TASK DIRECTIONS: Where an entry below contains an image, skip the image and copy the rest exactly.

GIVEN ENTRIES:
..............................

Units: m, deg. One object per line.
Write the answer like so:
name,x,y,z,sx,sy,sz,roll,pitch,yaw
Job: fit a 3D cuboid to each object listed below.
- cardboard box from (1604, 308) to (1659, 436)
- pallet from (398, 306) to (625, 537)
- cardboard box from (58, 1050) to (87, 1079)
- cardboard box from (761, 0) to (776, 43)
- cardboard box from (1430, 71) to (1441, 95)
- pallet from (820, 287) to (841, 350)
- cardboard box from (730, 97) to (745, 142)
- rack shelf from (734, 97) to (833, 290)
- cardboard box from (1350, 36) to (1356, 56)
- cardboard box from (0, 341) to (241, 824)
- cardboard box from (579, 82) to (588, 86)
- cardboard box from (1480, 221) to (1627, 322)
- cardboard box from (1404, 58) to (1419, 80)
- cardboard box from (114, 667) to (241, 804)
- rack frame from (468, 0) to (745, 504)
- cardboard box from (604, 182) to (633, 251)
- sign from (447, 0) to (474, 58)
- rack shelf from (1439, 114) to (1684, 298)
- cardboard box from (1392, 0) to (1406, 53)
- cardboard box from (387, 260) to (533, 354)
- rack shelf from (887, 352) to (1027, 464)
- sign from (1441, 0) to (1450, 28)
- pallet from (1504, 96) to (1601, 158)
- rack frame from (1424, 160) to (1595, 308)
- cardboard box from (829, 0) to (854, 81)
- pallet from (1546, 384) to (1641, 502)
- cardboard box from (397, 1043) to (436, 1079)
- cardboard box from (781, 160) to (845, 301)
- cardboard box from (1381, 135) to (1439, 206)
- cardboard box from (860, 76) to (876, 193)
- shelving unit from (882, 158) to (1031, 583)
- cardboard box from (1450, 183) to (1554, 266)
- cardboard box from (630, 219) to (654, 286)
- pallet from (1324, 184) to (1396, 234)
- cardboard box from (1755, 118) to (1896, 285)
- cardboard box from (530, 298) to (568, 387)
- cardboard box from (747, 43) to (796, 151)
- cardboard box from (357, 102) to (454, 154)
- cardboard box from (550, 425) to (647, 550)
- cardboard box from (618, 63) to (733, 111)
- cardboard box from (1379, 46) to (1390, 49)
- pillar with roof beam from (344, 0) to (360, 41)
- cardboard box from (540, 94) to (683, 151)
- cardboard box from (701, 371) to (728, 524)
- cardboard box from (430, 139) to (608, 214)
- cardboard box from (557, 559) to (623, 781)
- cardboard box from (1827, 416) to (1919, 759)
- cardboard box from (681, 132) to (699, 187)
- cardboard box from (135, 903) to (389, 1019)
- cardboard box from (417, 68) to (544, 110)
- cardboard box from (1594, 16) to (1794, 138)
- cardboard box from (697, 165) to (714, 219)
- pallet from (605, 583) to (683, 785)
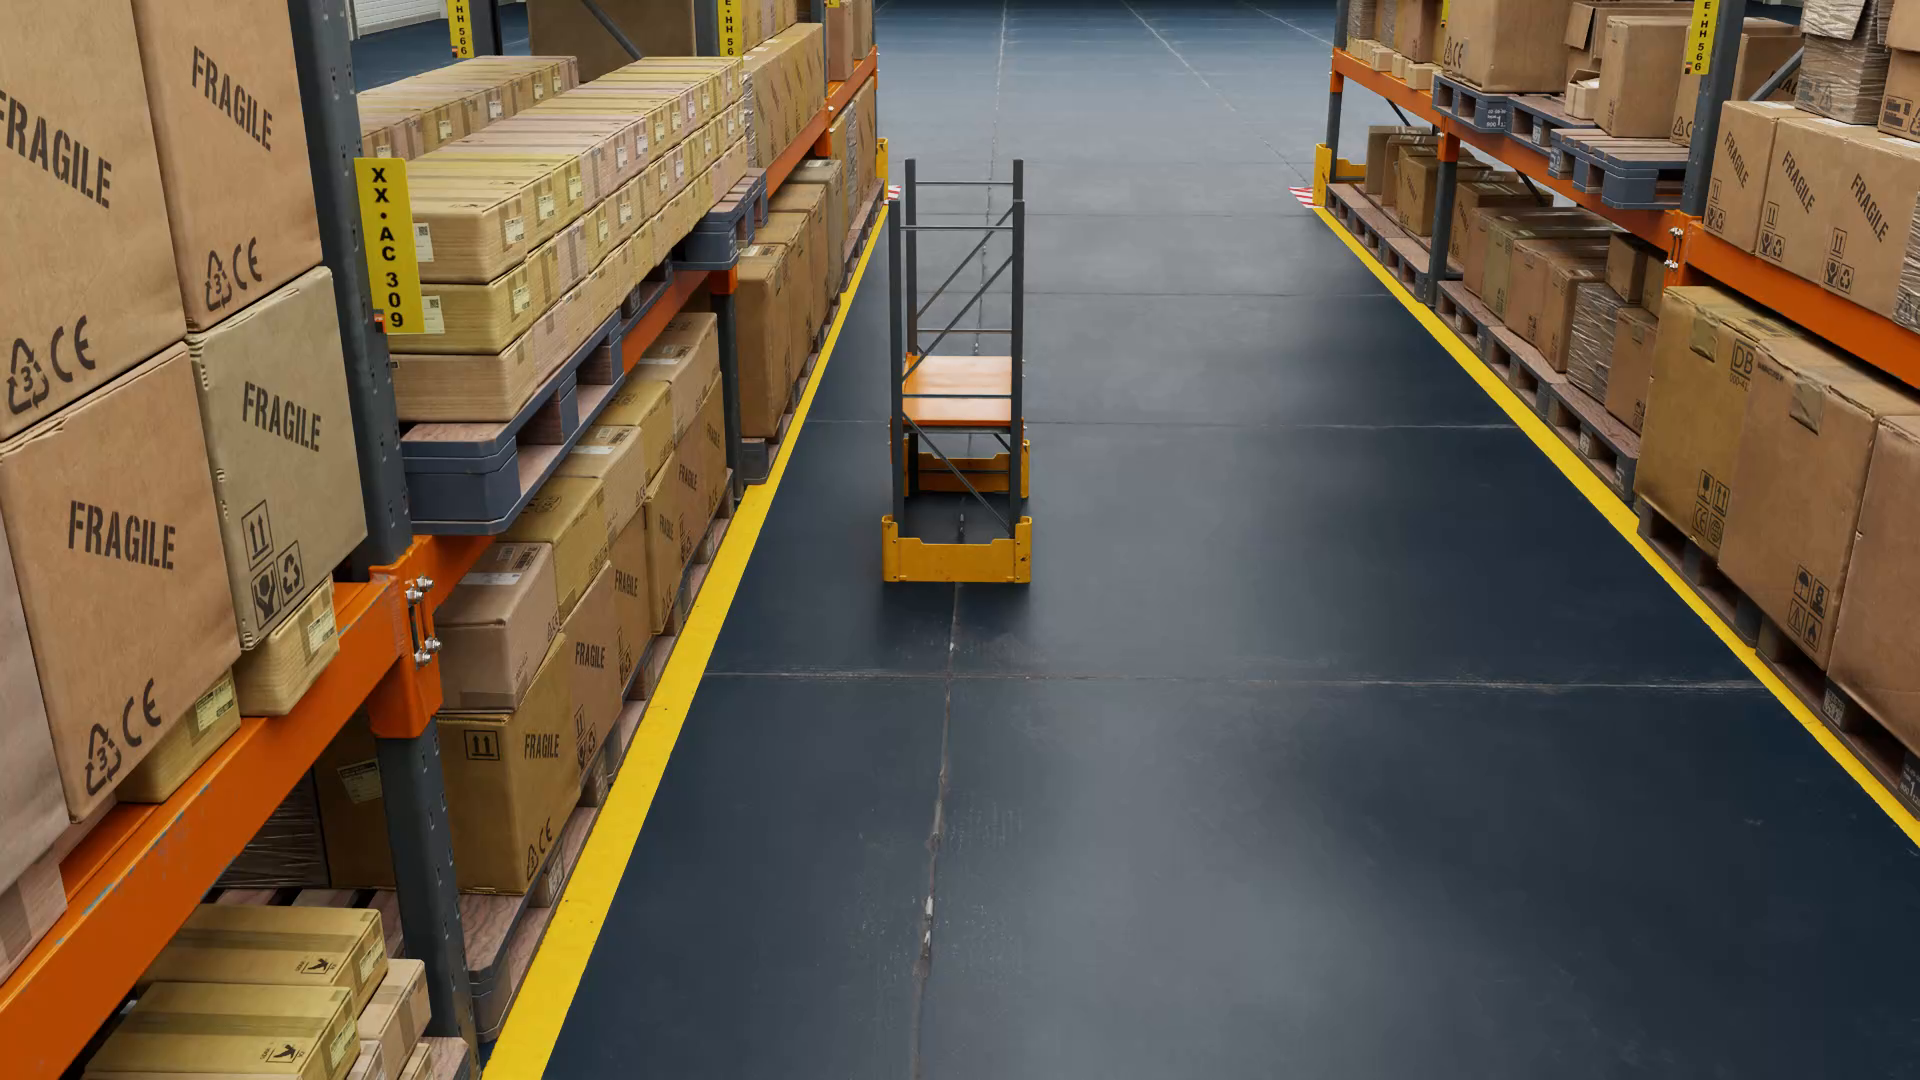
cardboard box,3.473,-0.780,7.741,0.700,0.500,0.500,0,21,-1
pallet,-1.435,-0.328,3.994,1.003,0.211,1.213,1,21,2
cardboard box,-1.852,1.072,3.070,0.380,0.149,0.250,1,21,2
cardboard box,-1.399,-3.000,9.094,0.700,0.500,0.500,1,21,2
cardboard box,3.324,-2.999,10.958,0.380,0.149,0.250,1,21,2
pallet,-1.308,-1.456,10.489,1.003,0.211,1.213,1,21,2
cardboard box,-1.042,-1.623,6.421,0.380,0.149,0.250,1,21,3
rack shelf,-1.421,-1.977,8.972,1.077,0.370,4.000,1,21,2
cardboard box,3.442,-4.083,13.753,0.380,0.149,0.250,1,21,2
cardboard box,-1.353,0.037,2.236,0.500,0.500,0.500,0,21,0
cardboard box,-1.736,-1.802,7.388,0.500,0.500,0.500,1,21,2
cardboard box,3.521,-1.590,9.828,0.700,0.500,0.500,1,21,1
cardboard box,3.395,-3.360,11.888,0.380,0.149,0.250,1,21,2
cardboard box,-1.345,0.270,2.533,0.380,0.149,0.250,1,21,4
rack frame,-1.482,-1.589,6.978,1.000,3.000,0.127,1,21,2
cardboard box,-1.105,-0.876,4.496,0.380,0.149,0.250,1,21,4
sign,-2.037,-2.134,6.782,0.100,0.325,0.005,1,21,2
rack shelf,3.534,-1.886,8.737,1.077,0.370,4.000,1,21,2
cardboard box,3.691,-3.834,12.215,0.875,0.500,0.500,1,21,2
cardboard box,-1.132,-0.498,3.521,0.380,0.149,0.250,1,21,2
rack shelf,0.003,-0.562,6.902,0.538,0.185,1.000,1,21,2
sign,3.052,-3.351,10.323,0.100,0.325,0.005,1,21,2
pallet,3.492,-2.125,8.624,1.003,0.211,1.213,1,21,2
rack frame,3.595,-2.945,10.471,1.000,3.000,0.127,1,21,2
cardboard box,-1.233,-3.632,12.036,0.875,0.550,0.550,1,21,2
pallet,3.498,-0.481,7.976,1.003,0.211,1.213,1,21,2
cardboard box,-1.275,1.136,3.316,0.380,0.149,0.250,1,21,2
cardboard box,-1.289,-1.957,10.456,1.050,0.750,0.750,1,21,1
cardboard box,3.697,-2.979,13.435,0.500,0.500,0.500,6,22,16
cardboard box,-1.193,-3.441,14.108,0.875,0.875,0.875,1,21,2
shelving unit,0.002,-0.727,6.829,0.587,1.500,1.083,1,21,2
cardboard box,3.647,-2.119,11.219,0.500,0.500,0.500,0,21,0
cardboard box,-1.097,-0.831,4.791,0.380,0.149,0.250,0,21,1
pallet,3.654,-2.770,13.876,1.003,0.211,1.213,1,21,2
cardboard box,3.173,-1.186,5.800,0.500,0.500,0.500,0,21,0
cardboard box,-1.129,-0.459,3.833,0.380,0.149,0.250,1,21,2
cardboard box,-1.152,-2.342,8.779,0.500,0.500,0.500,0,21,1
cardboard box,-1.739,-1.215,4.958,0.380,0.149,0.250,0,21,1
cardboard box,-1.283,-0.164,5.144,0.500,0.250,0.500,1,21,4
cardboard box,-1.048,-1.672,6.137,0.380,0.149,0.250,0,21,1
cardboard box,3.438,-3.721,12.820,0.380,0.149,0.250,1,21,2
pillar with roof beam,-7.222,-13.569,29.559,9.100,9.000,0.400,1,21,2
cardboard box,-1.080,-1.296,5.166,0.380,0.149,0.250,2,21,4
cardboard box,-1.240,-0.379,6.734,0.500,0.500,0.500,1,21,1
cardboard box,-1.109,-0.920,4.198,0.380,0.149,0.250,0,21,1
cardboard box,-1.301,0.371,4.801,0.500,0.500,0.500,2,21,4
cardboard box,3.377,0.188,4.754,1.225,0.875,0.875,0,21,0
cardboard box,-1.071,-1.251,5.462,0.380,0.149,0.250,0,21,1
cardboard box,-1.354,0.844,3.244,0.380,0.149,0.250,1,21,3
cardboard box,-1.707,-1.595,5.936,0.380,0.149,0.250,1,21,1
cardboard box,3.366,-2.139,7.677,0.700,0.500,0.500,4,22,10
cardboard box,-1.065,-1.212,5.772,0.380,0.149,0.250,0,21,1
pallet,-1.547,0.433,5.621,1.003,0.211,1.213,1,21,2

..............................

ANSWER BOX:
Units: m, deg. One object per line.
Write the answer like so:
name,x,y,z,sx,sy,sz,roll,pitch,yaw
Job: fit a 3D cuboid to each object listed below.
- cardboard box from (1604, 308) to (1659, 436)
- pallet from (398, 306) to (625, 537)
- cardboard box from (58, 1050) to (87, 1079)
- cardboard box from (761, 0) to (776, 43)
- cardboard box from (1430, 71) to (1441, 95)
- pallet from (820, 287) to (841, 350)
- cardboard box from (730, 97) to (745, 142)
- rack shelf from (734, 97) to (833, 290)
- cardboard box from (1350, 36) to (1356, 56)
- cardboard box from (0, 341) to (241, 824)
- cardboard box from (579, 82) to (588, 86)
- cardboard box from (1480, 221) to (1627, 322)
- cardboard box from (1404, 58) to (1419, 80)
- cardboard box from (114, 667) to (241, 804)
- rack frame from (468, 0) to (745, 504)
- cardboard box from (604, 182) to (633, 251)
- sign from (447, 0) to (474, 58)
- rack shelf from (1439, 114) to (1684, 298)
- cardboard box from (1392, 0) to (1406, 53)
- cardboard box from (387, 260) to (533, 354)
- rack shelf from (887, 352) to (1027, 464)
- sign from (1441, 0) to (1450, 28)
- pallet from (1504, 96) to (1601, 158)
- rack frame from (1424, 160) to (1595, 308)
- cardboard box from (829, 0) to (854, 81)
- pallet from (1546, 384) to (1641, 502)
- cardboard box from (397, 1043) to (436, 1079)
- cardboard box from (781, 160) to (845, 301)
- cardboard box from (1381, 135) to (1439, 206)
- cardboard box from (860, 76) to (876, 193)
- shelving unit from (882, 158) to (1031, 583)
- cardboard box from (1450, 183) to (1554, 266)
- cardboard box from (630, 219) to (654, 286)
- pallet from (1324, 184) to (1396, 234)
- cardboard box from (1755, 118) to (1896, 285)
- cardboard box from (530, 298) to (568, 387)
- cardboard box from (747, 43) to (796, 151)
- cardboard box from (357, 102) to (454, 154)
- cardboard box from (550, 425) to (647, 550)
- cardboard box from (618, 63) to (733, 111)
- cardboard box from (1379, 46) to (1390, 49)
- pillar with roof beam from (344, 0) to (360, 41)
- cardboard box from (540, 94) to (683, 151)
- cardboard box from (701, 371) to (728, 524)
- cardboard box from (430, 139) to (608, 214)
- cardboard box from (557, 559) to (623, 781)
- cardboard box from (1827, 416) to (1919, 759)
- cardboard box from (681, 132) to (699, 187)
- cardboard box from (135, 903) to (389, 1019)
- cardboard box from (417, 68) to (544, 110)
- cardboard box from (1594, 16) to (1794, 138)
- cardboard box from (697, 165) to (714, 219)
- pallet from (605, 583) to (683, 785)
cardboard box,3.473,-0.780,7.741,0.700,0.500,0.500,0,21,-1
pallet,-1.435,-0.328,3.994,1.003,0.211,1.213,1,21,2
cardboard box,-1.852,1.072,3.070,0.380,0.149,0.250,1,21,2
cardboard box,-1.399,-3.000,9.094,0.700,0.500,0.500,1,21,2
cardboard box,3.324,-2.999,10.958,0.380,0.149,0.250,1,21,2
pallet,-1.308,-1.456,10.489,1.003,0.211,1.213,1,21,2
cardboard box,-1.042,-1.623,6.421,0.380,0.149,0.250,1,21,3
rack shelf,-1.421,-1.977,8.972,1.077,0.370,4.000,1,21,2
cardboard box,3.442,-4.083,13.753,0.380,0.149,0.250,1,21,2
cardboard box,-1.353,0.037,2.236,0.500,0.500,0.500,0,21,0
cardboard box,-1.736,-1.802,7.388,0.500,0.500,0.500,1,21,2
cardboard box,3.521,-1.590,9.828,0.700,0.500,0.500,1,21,1
cardboard box,3.395,-3.360,11.888,0.380,0.149,0.250,1,21,2
cardboard box,-1.345,0.270,2.533,0.380,0.149,0.250,1,21,4
rack frame,-1.482,-1.589,6.978,1.000,3.000,0.127,1,21,2
cardboard box,-1.105,-0.876,4.496,0.380,0.149,0.250,1,21,4
sign,-2.037,-2.134,6.782,0.100,0.325,0.005,1,21,2
rack shelf,3.534,-1.886,8.737,1.077,0.370,4.000,1,21,2
cardboard box,3.691,-3.834,12.215,0.875,0.500,0.500,1,21,2
cardboard box,-1.132,-0.498,3.521,0.380,0.149,0.250,1,21,2
rack shelf,0.003,-0.562,6.902,0.538,0.185,1.000,1,21,2
sign,3.052,-3.351,10.323,0.100,0.325,0.005,1,21,2
pallet,3.492,-2.125,8.624,1.003,0.211,1.213,1,21,2
rack frame,3.595,-2.945,10.471,1.000,3.000,0.127,1,21,2
cardboard box,-1.233,-3.632,12.036,0.875,0.550,0.550,1,21,2
pallet,3.498,-0.481,7.976,1.003,0.211,1.213,1,21,2
cardboard box,-1.275,1.136,3.316,0.380,0.149,0.250,1,21,2
cardboard box,-1.289,-1.957,10.456,1.050,0.750,0.750,1,21,1
cardboard box,3.697,-2.979,13.435,0.500,0.500,0.500,6,22,16
cardboard box,-1.193,-3.441,14.108,0.875,0.875,0.875,1,21,2
shelving unit,0.002,-0.727,6.829,0.587,1.500,1.083,1,21,2
cardboard box,3.647,-2.119,11.219,0.500,0.500,0.500,0,21,0
cardboard box,-1.097,-0.831,4.791,0.380,0.149,0.250,0,21,1
pallet,3.654,-2.770,13.876,1.003,0.211,1.213,1,21,2
cardboard box,3.173,-1.186,5.800,0.500,0.500,0.500,0,21,0
cardboard box,-1.129,-0.459,3.833,0.380,0.149,0.250,1,21,2
cardboard box,-1.152,-2.342,8.779,0.500,0.500,0.500,0,21,1
cardboard box,-1.739,-1.215,4.958,0.380,0.149,0.250,0,21,1
cardboard box,-1.283,-0.164,5.144,0.500,0.250,0.500,1,21,4
cardboard box,-1.048,-1.672,6.137,0.380,0.149,0.250,0,21,1
cardboard box,3.438,-3.721,12.820,0.380,0.149,0.250,1,21,2
pillar with roof beam,-7.222,-13.569,29.559,9.100,9.000,0.400,1,21,2
cardboard box,-1.080,-1.296,5.166,0.380,0.149,0.250,2,21,4
cardboard box,-1.240,-0.379,6.734,0.500,0.500,0.500,1,21,1
cardboard box,-1.109,-0.920,4.198,0.380,0.149,0.250,0,21,1
cardboard box,-1.301,0.371,4.801,0.500,0.500,0.500,2,21,4
cardboard box,3.377,0.188,4.754,1.225,0.875,0.875,0,21,0
cardboard box,-1.071,-1.251,5.462,0.380,0.149,0.250,0,21,1
cardboard box,-1.354,0.844,3.244,0.380,0.149,0.250,1,21,3
cardboard box,-1.707,-1.595,5.936,0.380,0.149,0.250,1,21,1
cardboard box,3.366,-2.139,7.677,0.700,0.500,0.500,4,22,10
cardboard box,-1.065,-1.212,5.772,0.380,0.149,0.250,0,21,1
pallet,-1.547,0.433,5.621,1.003,0.211,1.213,1,21,2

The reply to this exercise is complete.